カール・セイヤー教授(写真:TTXVN) |
これは、10月25日と26日の両日、ハノイで開催される国連サイバー犯罪対策条約の署名開放式を前に、オーストラリア国防アカデミー所属ニューサウスウェールズ大学のカール・セイヤー教授が示した見解です。
カール・セイヤー教授によりますと、現在、サイバー犯罪は各国が直面する脅威のリストでトップに立っており、従来のハッカー集団だけでなく、AI=人工知能によって強化され、防御システムに適応できる能力を持っています。そのため、蔓延するサイバー犯罪は経済に甚大な被害をもたらしていると指摘しました。また、カール・セイヤー教授は、このような状況の中で、「ハノイ条約」の誕生は特に重要な意義がある。これは、国境を越える問題に対処する過去20年間で初の国連条約であると明らかにしました。

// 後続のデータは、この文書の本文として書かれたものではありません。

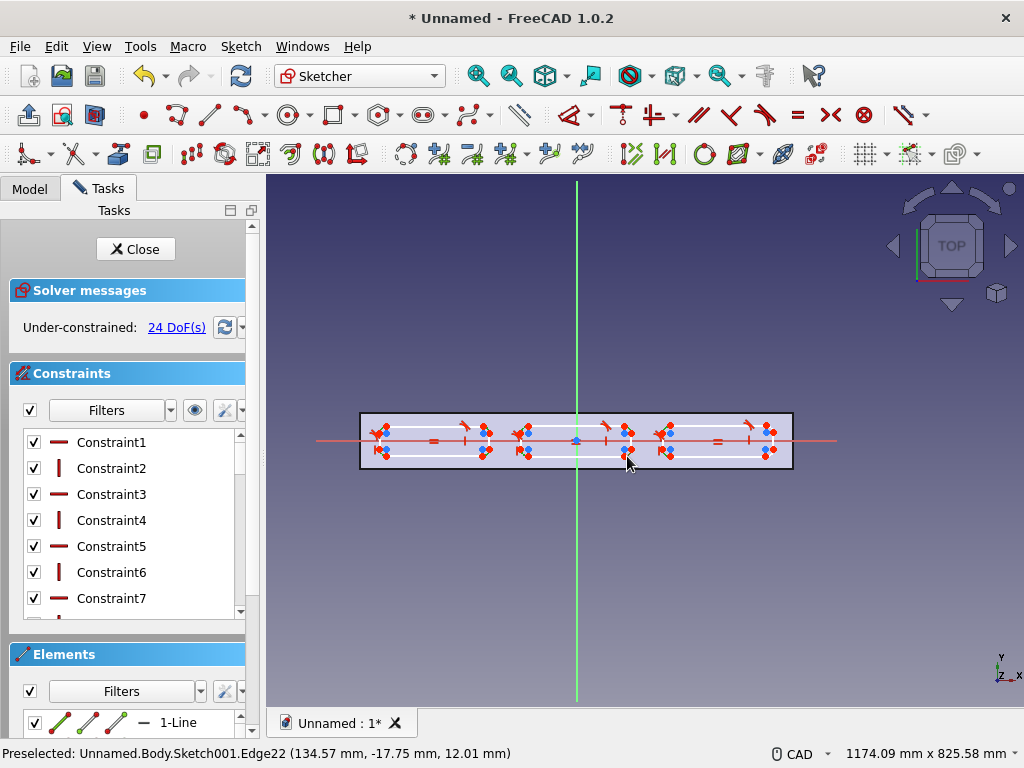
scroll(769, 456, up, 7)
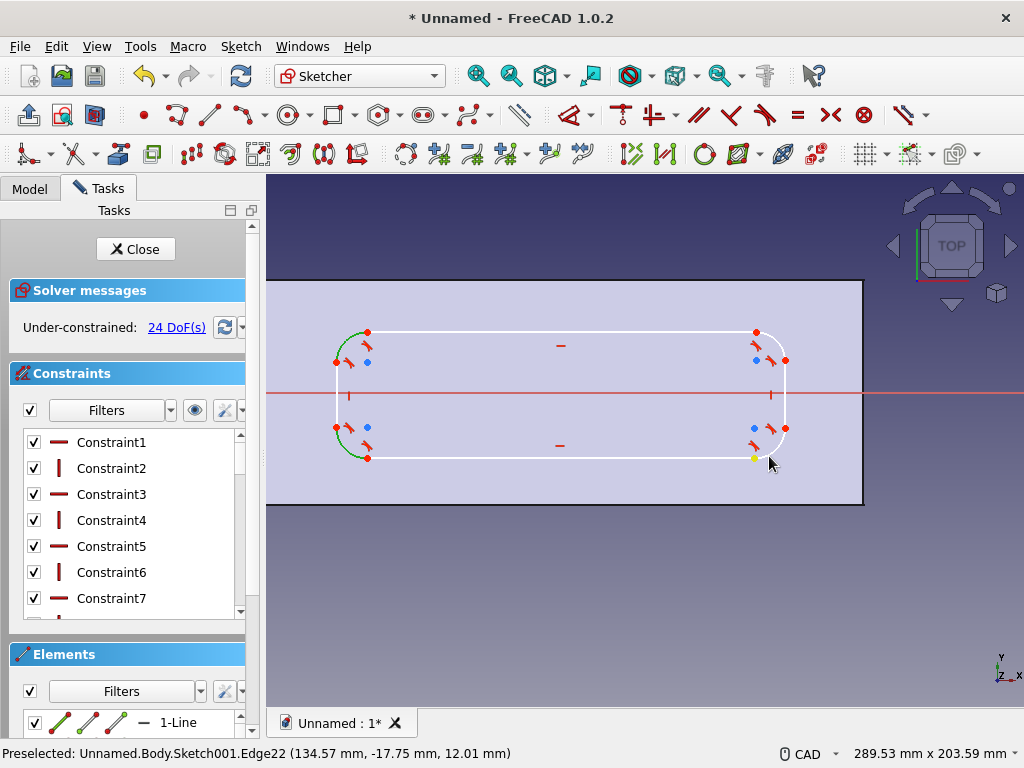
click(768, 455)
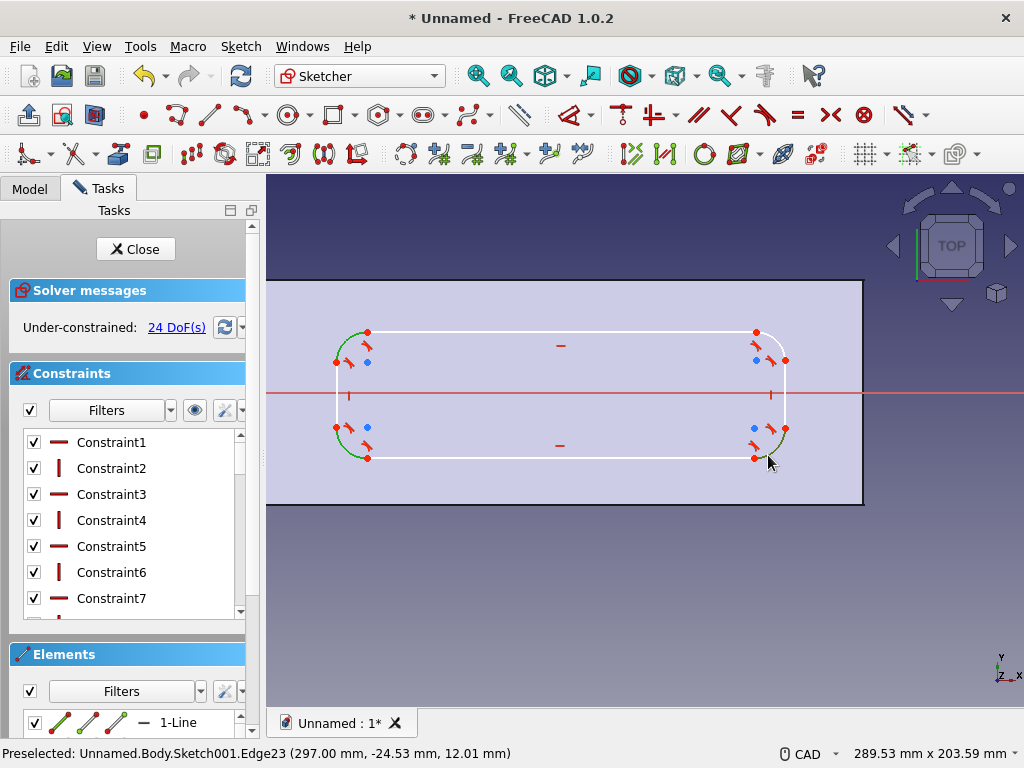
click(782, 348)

国連のデータによりますと、過去10年間でサイバー犯罪による被害額は3兆ドルから9兆ドルへ増加し、3倍になりました。特にAIの普及など情報技術デバイスの爆発的な増加により、来年には14兆ドルに達すると予測されています。
カール・セイヤー教授は、サイバーセキュリティ能力において、ベトナムは世界の194カ国中17位にランクされています。そのため、ベトナムがこの分野で主導的な役割を果たすことができるとの見解を明らかにしました。
さらに、同教授は、このイベントはベトナムの正しい多国間外交政策の成果であり、ベトナムはこれを機に国際協力を強化し、サイバー犯罪対策の対応効果を高める必要があると強調しました。